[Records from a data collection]
======

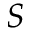<formula> <loc_0><loc_0><loc_500><loc_500>S</formula> 
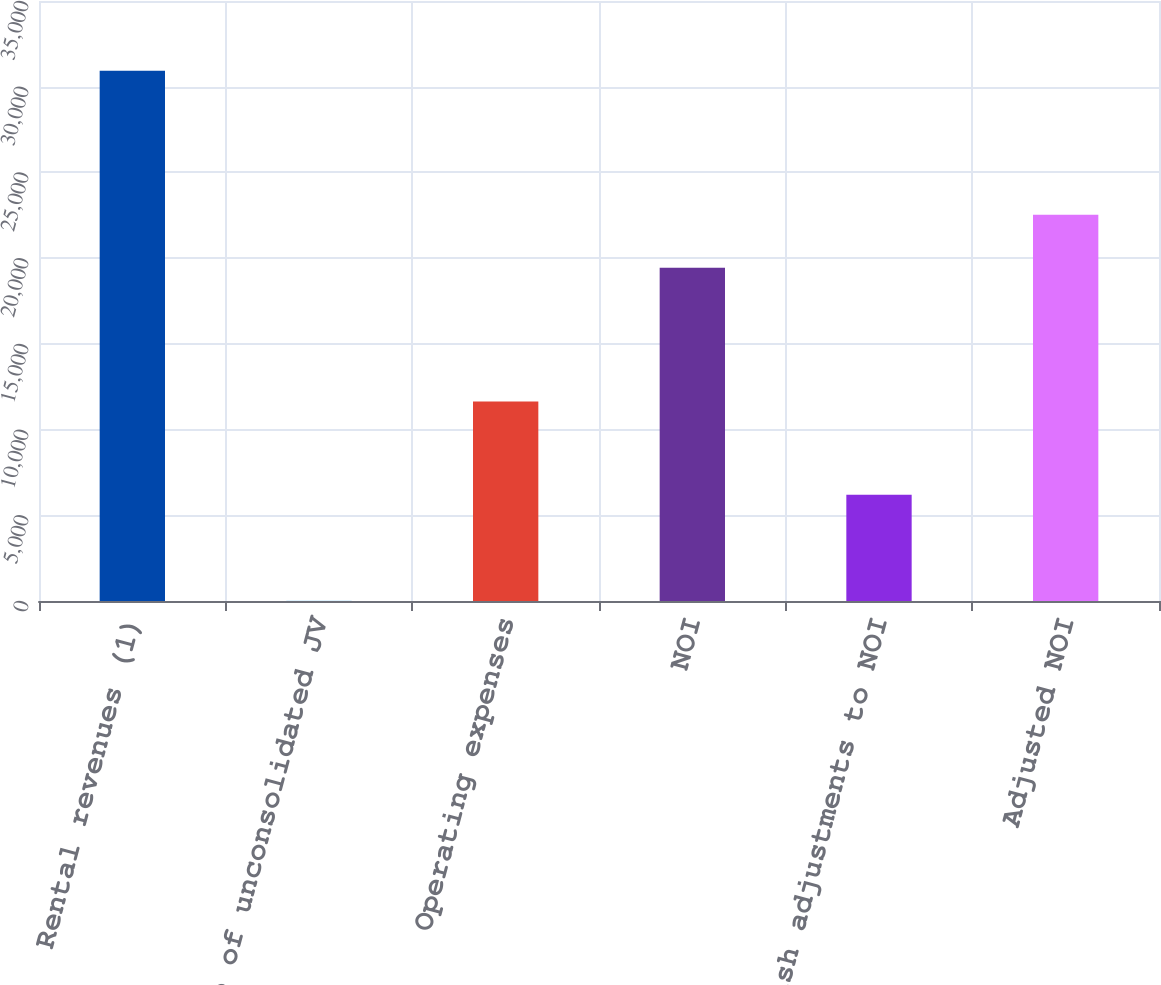Convert chart to OTSL. <chart><loc_0><loc_0><loc_500><loc_500><bar_chart><fcel>Rental revenues (1)<fcel>HCP share of unconsolidated JV<fcel>Operating expenses<fcel>NOI<fcel>Non-cash adjustments to NOI<fcel>Adjusted NOI<nl><fcel>30929<fcel>17<fcel>11633<fcel>19439<fcel>6199.4<fcel>22530.2<nl></chart> 
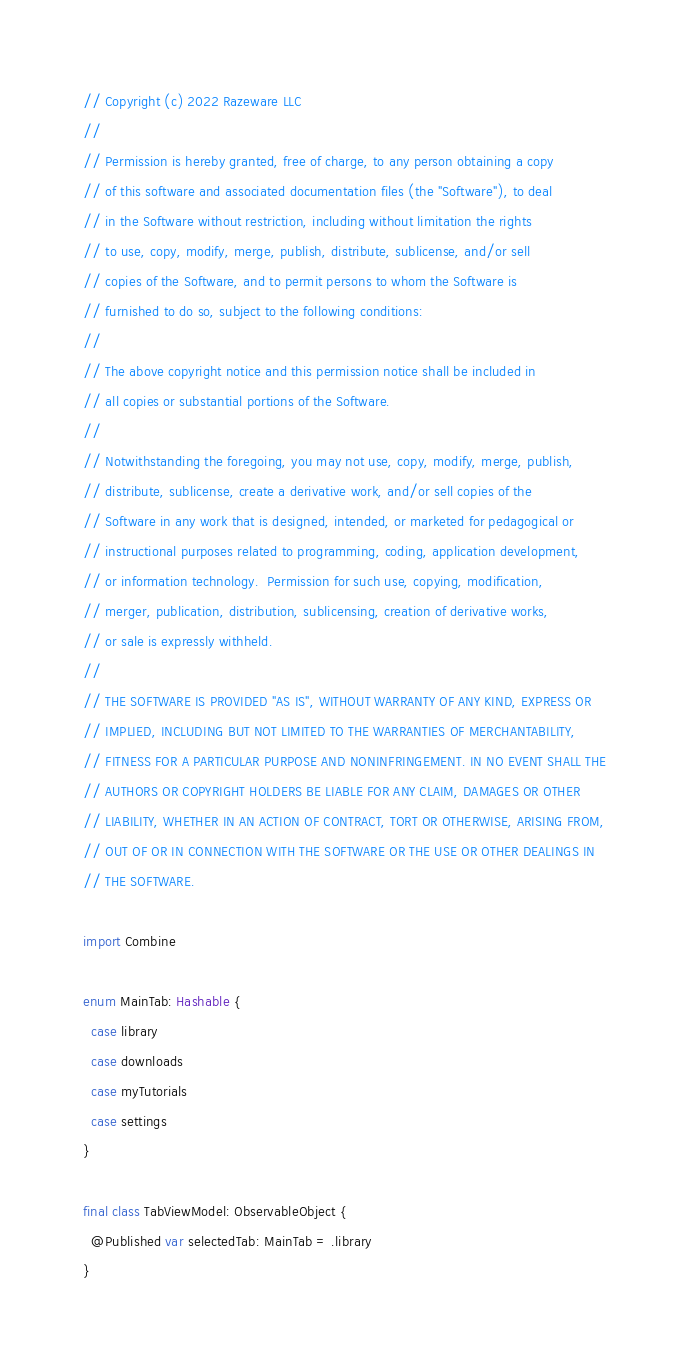Convert code to text. <code><loc_0><loc_0><loc_500><loc_500><_Swift_>// Copyright (c) 2022 Razeware LLC
//
// Permission is hereby granted, free of charge, to any person obtaining a copy
// of this software and associated documentation files (the "Software"), to deal
// in the Software without restriction, including without limitation the rights
// to use, copy, modify, merge, publish, distribute, sublicense, and/or sell
// copies of the Software, and to permit persons to whom the Software is
// furnished to do so, subject to the following conditions:
//
// The above copyright notice and this permission notice shall be included in
// all copies or substantial portions of the Software.
//
// Notwithstanding the foregoing, you may not use, copy, modify, merge, publish,
// distribute, sublicense, create a derivative work, and/or sell copies of the
// Software in any work that is designed, intended, or marketed for pedagogical or
// instructional purposes related to programming, coding, application development,
// or information technology.  Permission for such use, copying, modification,
// merger, publication, distribution, sublicensing, creation of derivative works,
// or sale is expressly withheld.
//
// THE SOFTWARE IS PROVIDED "AS IS", WITHOUT WARRANTY OF ANY KIND, EXPRESS OR
// IMPLIED, INCLUDING BUT NOT LIMITED TO THE WARRANTIES OF MERCHANTABILITY,
// FITNESS FOR A PARTICULAR PURPOSE AND NONINFRINGEMENT. IN NO EVENT SHALL THE
// AUTHORS OR COPYRIGHT HOLDERS BE LIABLE FOR ANY CLAIM, DAMAGES OR OTHER
// LIABILITY, WHETHER IN AN ACTION OF CONTRACT, TORT OR OTHERWISE, ARISING FROM,
// OUT OF OR IN CONNECTION WITH THE SOFTWARE OR THE USE OR OTHER DEALINGS IN
// THE SOFTWARE.

import Combine

enum MainTab: Hashable {
  case library
  case downloads
  case myTutorials
  case settings
}

final class TabViewModel: ObservableObject {
  @Published var selectedTab: MainTab = .library
}
</code>

======

(What you need to do): Reproduce exactly the line that contains "LIABILITY, WHETHER IN" together with each line after it to the end of the entries; include no other lines.

(Exercise answer):
// LIABILITY, WHETHER IN AN ACTION OF CONTRACT, TORT OR OTHERWISE, ARISING FROM,
// OUT OF OR IN CONNECTION WITH THE SOFTWARE OR THE USE OR OTHER DEALINGS IN
// THE SOFTWARE.

import Combine

enum MainTab: Hashable {
  case library
  case downloads
  case myTutorials
  case settings
}

final class TabViewModel: ObservableObject {
  @Published var selectedTab: MainTab = .library
}
</code>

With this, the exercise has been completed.